### Exercise description
Each line of the material that mentions the word "click" is to be copied.

### Extracted data
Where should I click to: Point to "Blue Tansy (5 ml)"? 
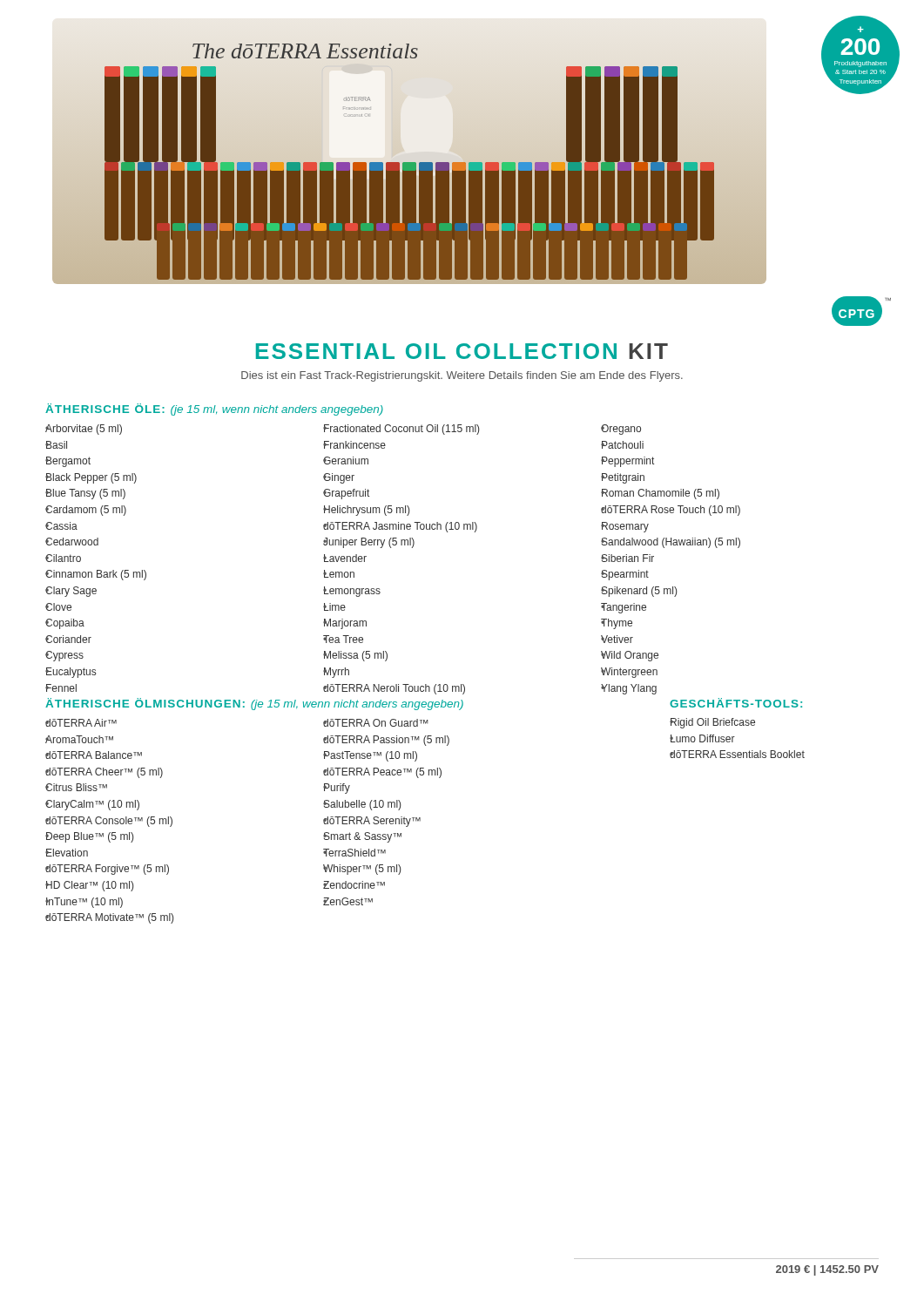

--

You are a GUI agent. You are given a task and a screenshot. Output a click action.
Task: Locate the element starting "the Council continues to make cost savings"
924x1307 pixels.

==

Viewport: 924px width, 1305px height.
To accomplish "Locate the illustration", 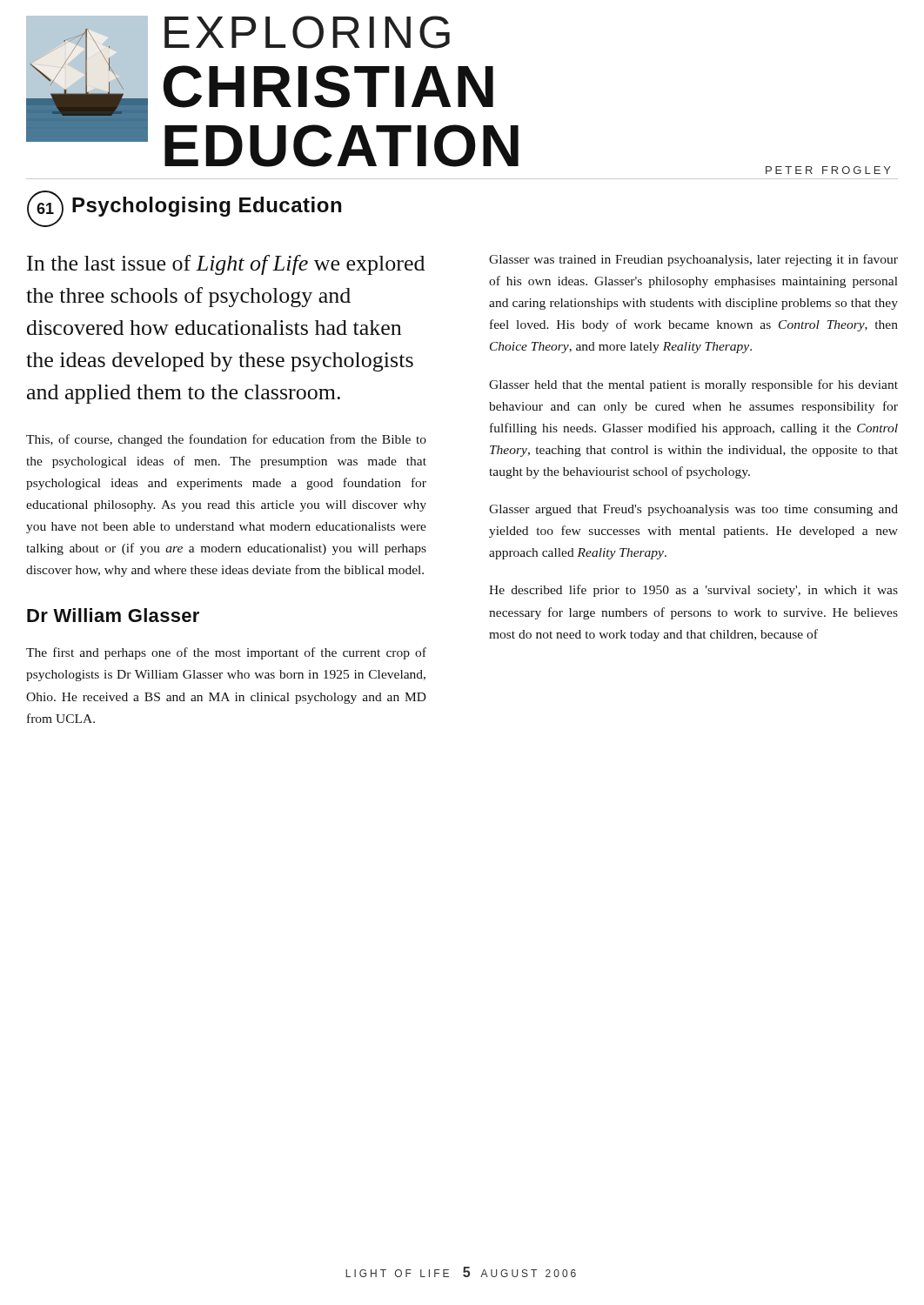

### Result for this exercise
Where should I click to: Point to "Blue Tansy (5 ml)"? 
You are a GUI agent. You are given a task and a screenshot. Output a click action.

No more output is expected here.